This is the biggest change in VCP v1.1: external anchoring is now REQUIRED for all tiers.

In v1.0, Silver tier could skip anchoring. This meant the log producer controlled the entire evidence chain — they could modify Merkle Roots before anyone else saw them. v1.1 closes this by mandating that every tier commits roots to an external, immutable timestamping service.

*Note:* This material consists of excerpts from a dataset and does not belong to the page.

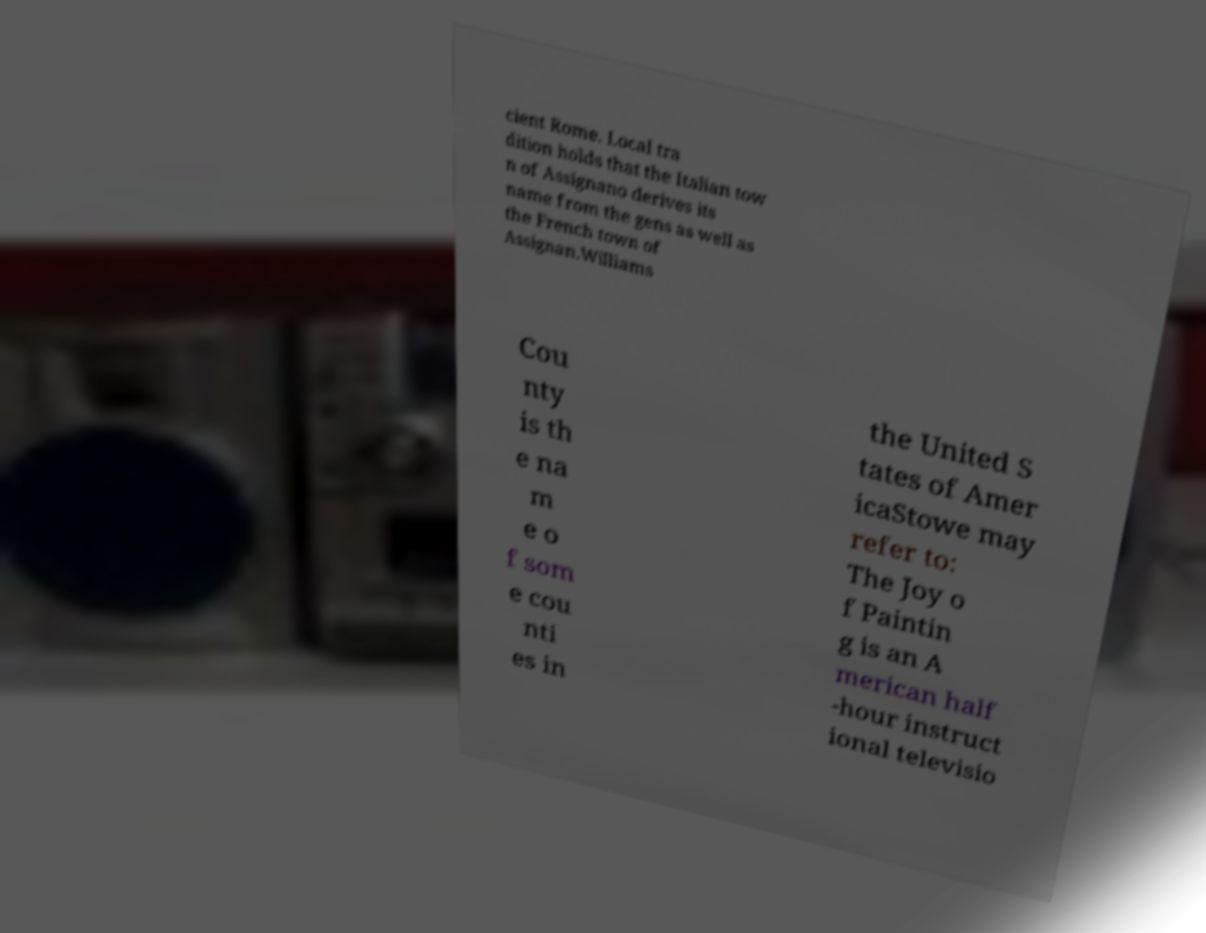Can you read and provide the text displayed in the image?This photo seems to have some interesting text. Can you extract and type it out for me? cient Rome. Local tra dition holds that the Italian tow n of Assignano derives its name from the gens as well as the French town of Assignan.Williams Cou nty is th e na m e o f som e cou nti es in the United S tates of Amer icaStowe may refer to: The Joy o f Paintin g is an A merican half -hour instruct ional televisio 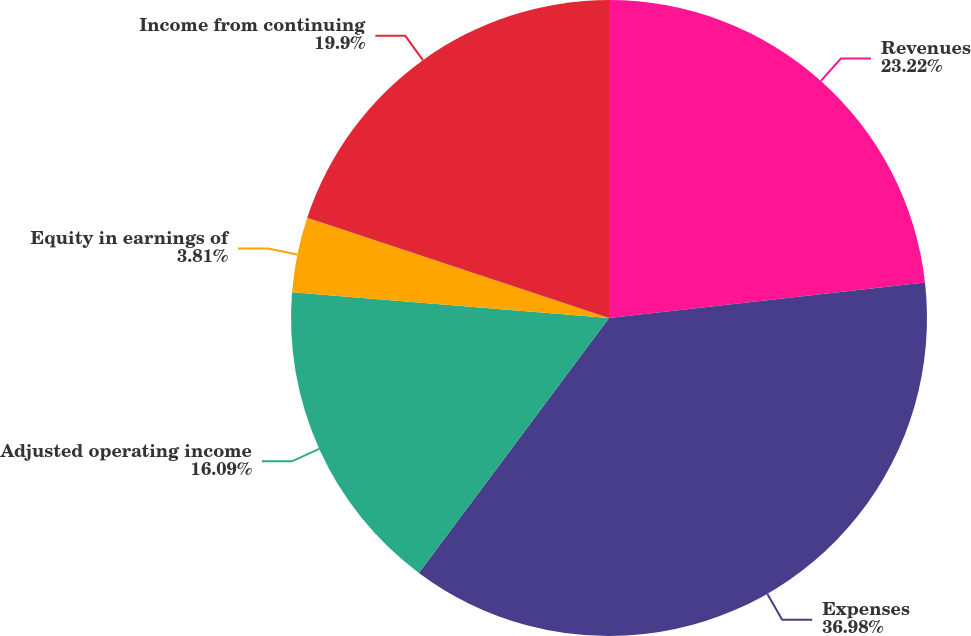<chart> <loc_0><loc_0><loc_500><loc_500><pie_chart><fcel>Revenues<fcel>Expenses<fcel>Adjusted operating income<fcel>Equity in earnings of<fcel>Income from continuing<nl><fcel>23.22%<fcel>36.98%<fcel>16.09%<fcel>3.81%<fcel>19.9%<nl></chart> 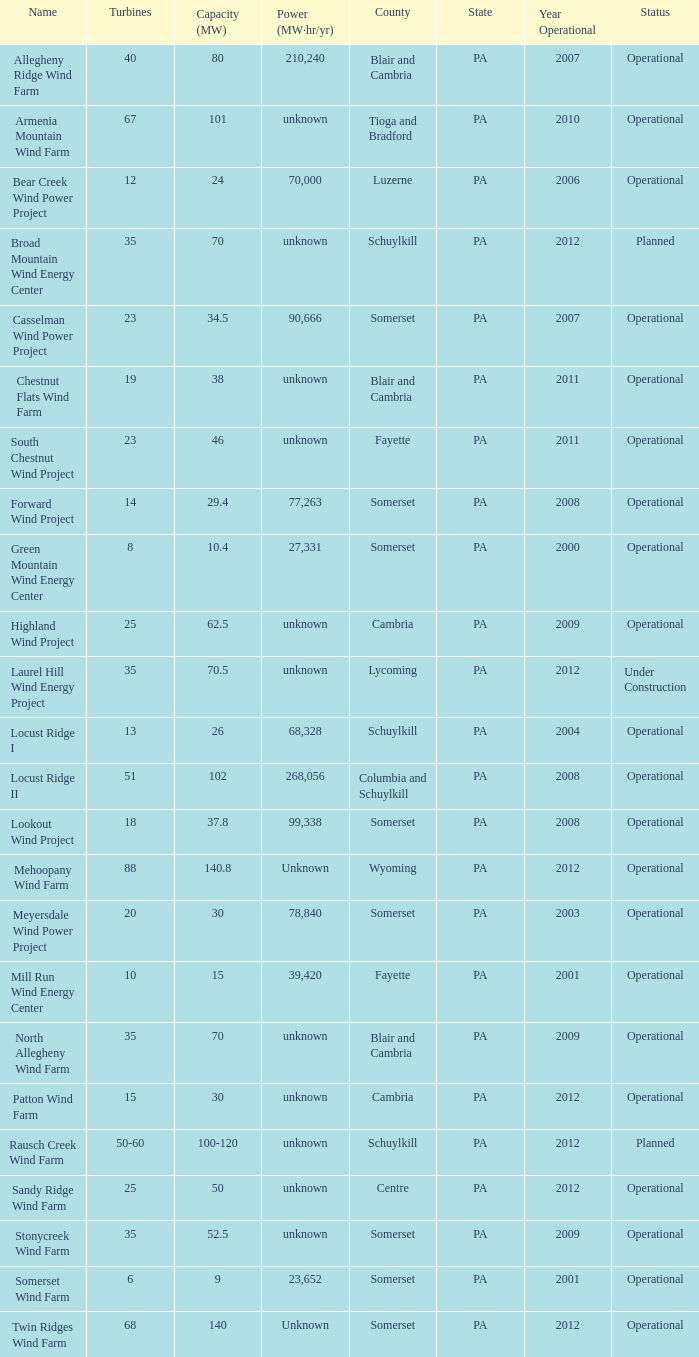What all turbines have a capacity of 30 and have a Somerset location? 20.0.

Anchoring Frequencies by Tier

# VCP v1.1 Conformance Tiers
tiers:
  platinum:
    target: "HFT / Exchange systems"
    clock_sync: PTP_LOCKED    # <1µs divergence from UTC
    timestamp_precision: NANOSECOND
    anchor_interval: "≤10 minutes"
    anchor_type: "Blockchain or RFC 3161 TSA"

  gold:
    target: "Institutional algorithmic trading"
    clock_sync: NTP_SYNCED    # <1ms divergence from UTC
    timestamp_precision: MICROSECOND
    anchor_interval: "≤1 hour"
    anchor_type: "Blockchain or RFC 3161 TSA"

  silver:
    target: "Development, testing, retail, backtesting"
    clock_sync: BEST_EFFORT   # System clock
    timestamp_precision: MILLISECOND
    anchor_interval: "≤24 hours"
    anchor_type: "Any supported method"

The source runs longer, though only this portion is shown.